China’s parliament has revised the nation’s postal law in a move that will ban foreign delivery companies from handling domestic express mail, state press reported yesterday.
The revised law was passed by the National’s People’s Congress on Friday despite opposition from express delivery giants including DHL, FedEx, TNT and UPS, the China Daily reported.
The newly amended law that goes into effect on Oct. 1 bans foreign companies from delivering express letters within China, the newspaper said.
But foreign delivery companies with operations in China will be permitted to deliver express packages domestically, as well as express letters internationally, it said.
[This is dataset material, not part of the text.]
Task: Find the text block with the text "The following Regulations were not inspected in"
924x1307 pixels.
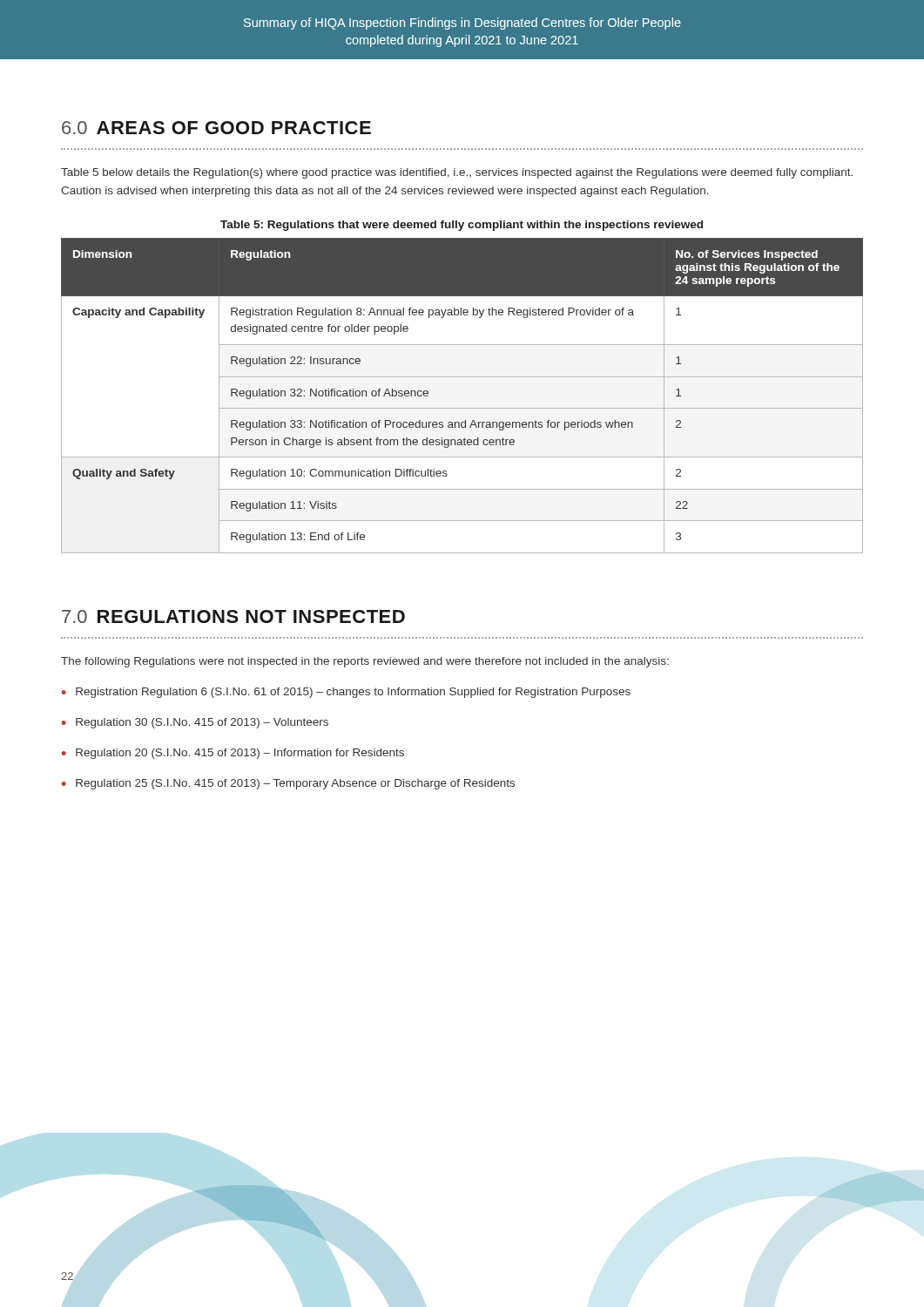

Legislators insisted the new law complied with China’s WTO committments, it said.
The Conference of Asia Pacific Express Carriers (CAPEC), which represents the four global giants and lobbied against the amendment, called for an “open and level playing field” in the sector.
The provision would “erode the competitiveness of foreign invested firms against their domestic counterparts in the wider express market,” the China Daily quoted a CAPEC statement as saying.
“CAPEC regrets that the newly enacted China Postal Law excludes foreign business from entering a segment of the domestic market,” it said.
Express delievery is big business in China, accounting for about 43 percent of 96 billion yuan (US$14 billion) in revenue in the nation’s postal system last year, the report said.